**The problem:** What is needed is a faithful copy of all the entries, with no pictures in it.

**Data section:**
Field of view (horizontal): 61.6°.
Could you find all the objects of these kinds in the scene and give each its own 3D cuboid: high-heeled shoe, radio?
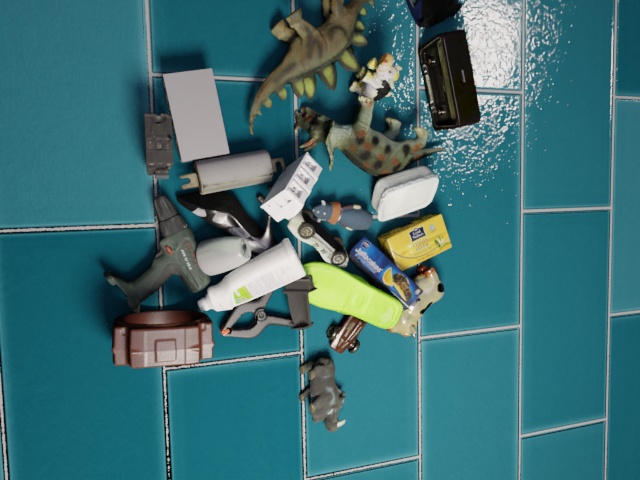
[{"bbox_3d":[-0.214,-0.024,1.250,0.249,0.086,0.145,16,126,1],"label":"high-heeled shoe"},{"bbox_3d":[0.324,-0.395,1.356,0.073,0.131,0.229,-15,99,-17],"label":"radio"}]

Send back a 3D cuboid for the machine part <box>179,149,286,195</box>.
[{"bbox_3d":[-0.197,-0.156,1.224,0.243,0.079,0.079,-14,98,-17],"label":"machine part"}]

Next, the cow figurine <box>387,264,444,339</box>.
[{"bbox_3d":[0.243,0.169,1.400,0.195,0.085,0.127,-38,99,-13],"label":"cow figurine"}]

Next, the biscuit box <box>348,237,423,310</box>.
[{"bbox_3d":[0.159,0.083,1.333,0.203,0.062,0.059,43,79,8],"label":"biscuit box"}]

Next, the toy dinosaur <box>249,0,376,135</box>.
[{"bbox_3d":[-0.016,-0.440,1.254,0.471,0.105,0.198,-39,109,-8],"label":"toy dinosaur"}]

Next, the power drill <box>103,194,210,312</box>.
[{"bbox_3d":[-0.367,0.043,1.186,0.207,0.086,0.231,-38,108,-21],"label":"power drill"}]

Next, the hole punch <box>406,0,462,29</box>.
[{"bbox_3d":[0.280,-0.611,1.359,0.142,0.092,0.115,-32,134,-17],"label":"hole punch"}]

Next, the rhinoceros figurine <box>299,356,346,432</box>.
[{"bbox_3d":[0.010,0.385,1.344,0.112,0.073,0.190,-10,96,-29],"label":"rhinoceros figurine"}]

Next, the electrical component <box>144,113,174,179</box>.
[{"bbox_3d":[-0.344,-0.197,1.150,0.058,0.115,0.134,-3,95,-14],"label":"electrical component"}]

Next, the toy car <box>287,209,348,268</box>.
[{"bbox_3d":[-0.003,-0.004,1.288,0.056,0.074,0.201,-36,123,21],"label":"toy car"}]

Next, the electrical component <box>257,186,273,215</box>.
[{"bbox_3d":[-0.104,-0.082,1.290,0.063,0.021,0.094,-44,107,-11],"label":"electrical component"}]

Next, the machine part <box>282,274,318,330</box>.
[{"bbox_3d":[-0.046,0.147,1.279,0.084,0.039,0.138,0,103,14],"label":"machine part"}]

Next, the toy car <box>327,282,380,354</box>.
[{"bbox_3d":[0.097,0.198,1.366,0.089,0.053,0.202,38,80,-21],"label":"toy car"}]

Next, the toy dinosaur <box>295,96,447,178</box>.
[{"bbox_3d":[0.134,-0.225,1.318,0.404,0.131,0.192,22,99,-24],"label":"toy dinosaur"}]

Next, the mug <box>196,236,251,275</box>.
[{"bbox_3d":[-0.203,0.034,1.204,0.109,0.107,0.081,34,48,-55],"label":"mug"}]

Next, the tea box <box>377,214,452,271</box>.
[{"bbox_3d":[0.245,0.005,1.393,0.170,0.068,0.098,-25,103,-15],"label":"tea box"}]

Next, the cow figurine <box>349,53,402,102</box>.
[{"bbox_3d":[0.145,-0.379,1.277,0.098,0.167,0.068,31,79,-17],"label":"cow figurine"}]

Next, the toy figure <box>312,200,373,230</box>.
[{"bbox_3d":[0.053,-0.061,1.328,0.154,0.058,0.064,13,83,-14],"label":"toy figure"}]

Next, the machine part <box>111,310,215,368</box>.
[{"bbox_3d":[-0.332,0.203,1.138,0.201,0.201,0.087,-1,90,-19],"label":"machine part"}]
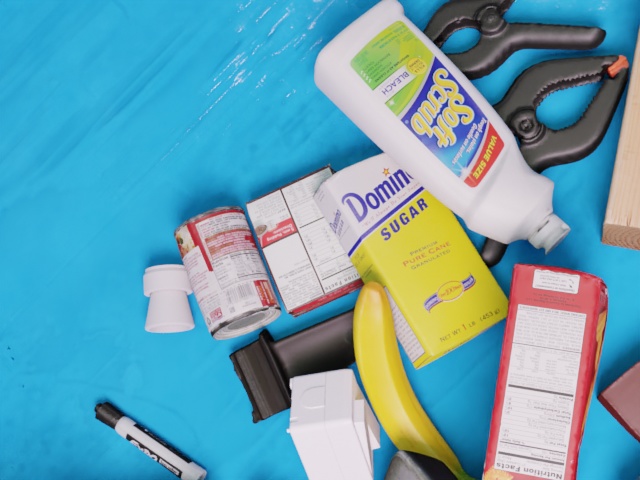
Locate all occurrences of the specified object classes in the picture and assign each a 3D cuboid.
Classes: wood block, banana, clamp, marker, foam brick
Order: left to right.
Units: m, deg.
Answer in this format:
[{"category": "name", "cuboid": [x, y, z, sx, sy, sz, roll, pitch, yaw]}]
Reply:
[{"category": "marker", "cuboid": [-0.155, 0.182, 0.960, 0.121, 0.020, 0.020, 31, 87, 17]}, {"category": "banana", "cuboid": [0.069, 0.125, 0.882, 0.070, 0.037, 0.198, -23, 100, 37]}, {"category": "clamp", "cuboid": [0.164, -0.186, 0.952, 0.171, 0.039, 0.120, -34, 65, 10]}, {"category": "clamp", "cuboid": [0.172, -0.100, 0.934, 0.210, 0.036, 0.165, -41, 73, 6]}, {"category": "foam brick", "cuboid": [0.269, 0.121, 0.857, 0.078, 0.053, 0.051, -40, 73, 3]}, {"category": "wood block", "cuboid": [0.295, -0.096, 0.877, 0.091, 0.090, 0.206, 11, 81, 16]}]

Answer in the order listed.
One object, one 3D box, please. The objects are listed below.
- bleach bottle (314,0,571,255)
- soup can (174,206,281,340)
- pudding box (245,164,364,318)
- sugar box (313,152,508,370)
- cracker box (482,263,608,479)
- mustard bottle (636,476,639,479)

**Written solution:**
Field of view (horizontal): 61.6°.
Could you find all the objects of these kinds in the scene and give each its own 3D cuboid: high-heeled shoe, radio?
[{"bbox_3d":[-0.214,-0.024,1.250,0.249,0.086,0.145,16,126,1],"label":"high-heeled shoe"},{"bbox_3d":[0.324,-0.395,1.356,0.073,0.131,0.229,-15,99,-17],"label":"radio"}]

Send back a 3D cuboid for the machine part <box>179,149,286,195</box>.
[{"bbox_3d":[-0.197,-0.156,1.224,0.243,0.079,0.079,-14,98,-17],"label":"machine part"}]

Next, the cow figurine <box>387,264,444,339</box>.
[{"bbox_3d":[0.243,0.169,1.400,0.195,0.085,0.127,-38,99,-13],"label":"cow figurine"}]

Next, the biscuit box <box>348,237,423,310</box>.
[{"bbox_3d":[0.159,0.083,1.333,0.203,0.062,0.059,43,79,8],"label":"biscuit box"}]

Next, the toy dinosaur <box>249,0,376,135</box>.
[{"bbox_3d":[-0.016,-0.440,1.254,0.471,0.105,0.198,-39,109,-8],"label":"toy dinosaur"}]

Next, the power drill <box>103,194,210,312</box>.
[{"bbox_3d":[-0.367,0.043,1.186,0.207,0.086,0.231,-38,108,-21],"label":"power drill"}]

Next, the hole punch <box>406,0,462,29</box>.
[{"bbox_3d":[0.280,-0.611,1.359,0.142,0.092,0.115,-32,134,-17],"label":"hole punch"}]

Next, the rhinoceros figurine <box>299,356,346,432</box>.
[{"bbox_3d":[0.010,0.385,1.344,0.112,0.073,0.190,-10,96,-29],"label":"rhinoceros figurine"}]

Next, the electrical component <box>144,113,174,179</box>.
[{"bbox_3d":[-0.344,-0.197,1.150,0.058,0.115,0.134,-3,95,-14],"label":"electrical component"}]

Next, the toy car <box>287,209,348,268</box>.
[{"bbox_3d":[-0.003,-0.004,1.288,0.056,0.074,0.201,-36,123,21],"label":"toy car"}]

Next, the electrical component <box>257,186,273,215</box>.
[{"bbox_3d":[-0.104,-0.082,1.290,0.063,0.021,0.094,-44,107,-11],"label":"electrical component"}]

Next, the machine part <box>282,274,318,330</box>.
[{"bbox_3d":[-0.046,0.147,1.279,0.084,0.039,0.138,0,103,14],"label":"machine part"}]

Next, the toy car <box>327,282,380,354</box>.
[{"bbox_3d":[0.097,0.198,1.366,0.089,0.053,0.202,38,80,-21],"label":"toy car"}]

Next, the toy dinosaur <box>295,96,447,178</box>.
[{"bbox_3d":[0.134,-0.225,1.318,0.404,0.131,0.192,22,99,-24],"label":"toy dinosaur"}]

Next, the mug <box>196,236,251,275</box>.
[{"bbox_3d":[-0.203,0.034,1.204,0.109,0.107,0.081,34,48,-55],"label":"mug"}]

Next, the tea box <box>377,214,452,271</box>.
[{"bbox_3d":[0.245,0.005,1.393,0.170,0.068,0.098,-25,103,-15],"label":"tea box"}]

Next, the cow figurine <box>349,53,402,102</box>.
[{"bbox_3d":[0.145,-0.379,1.277,0.098,0.167,0.068,31,79,-17],"label":"cow figurine"}]

Next, the toy figure <box>312,200,373,230</box>.
[{"bbox_3d":[0.053,-0.061,1.328,0.154,0.058,0.064,13,83,-14],"label":"toy figure"}]

Next, the machine part <box>111,310,215,368</box>.
[{"bbox_3d":[-0.332,0.203,1.138,0.201,0.201,0.087,-1,90,-19],"label":"machine part"}]
Locate all occurrences of the specified object classes in the picture and assign each a 3D cuboid.
Classes: wood block, banana, clamp, marker, foam brick
Order: left to right.
Units: m, deg.
Answer in this format:
[{"category": "name", "cuboid": [x, y, z, sx, sy, sz, roll, pitch, yaw]}]
Reply:
[{"category": "marker", "cuboid": [-0.155, 0.182, 0.960, 0.121, 0.020, 0.020, 31, 87, 17]}, {"category": "banana", "cuboid": [0.069, 0.125, 0.882, 0.070, 0.037, 0.198, -23, 100, 37]}, {"category": "clamp", "cuboid": [0.164, -0.186, 0.952, 0.171, 0.039, 0.120, -34, 65, 10]}, {"category": "clamp", "cuboid": [0.172, -0.100, 0.934, 0.210, 0.036, 0.165, -41, 73, 6]}, {"category": "foam brick", "cuboid": [0.269, 0.121, 0.857, 0.078, 0.053, 0.051, -40, 73, 3]}, {"category": "wood block", "cuboid": [0.295, -0.096, 0.877, 0.091, 0.090, 0.206, 11, 81, 16]}]

Answer in the order listed.
One object, one 3D box, please. The objects are listed below.
- bleach bottle (314,0,571,255)
- soup can (174,206,281,340)
- pudding box (245,164,364,318)
- sugar box (313,152,508,370)
- cracker box (482,263,608,479)
- mustard bottle (636,476,639,479)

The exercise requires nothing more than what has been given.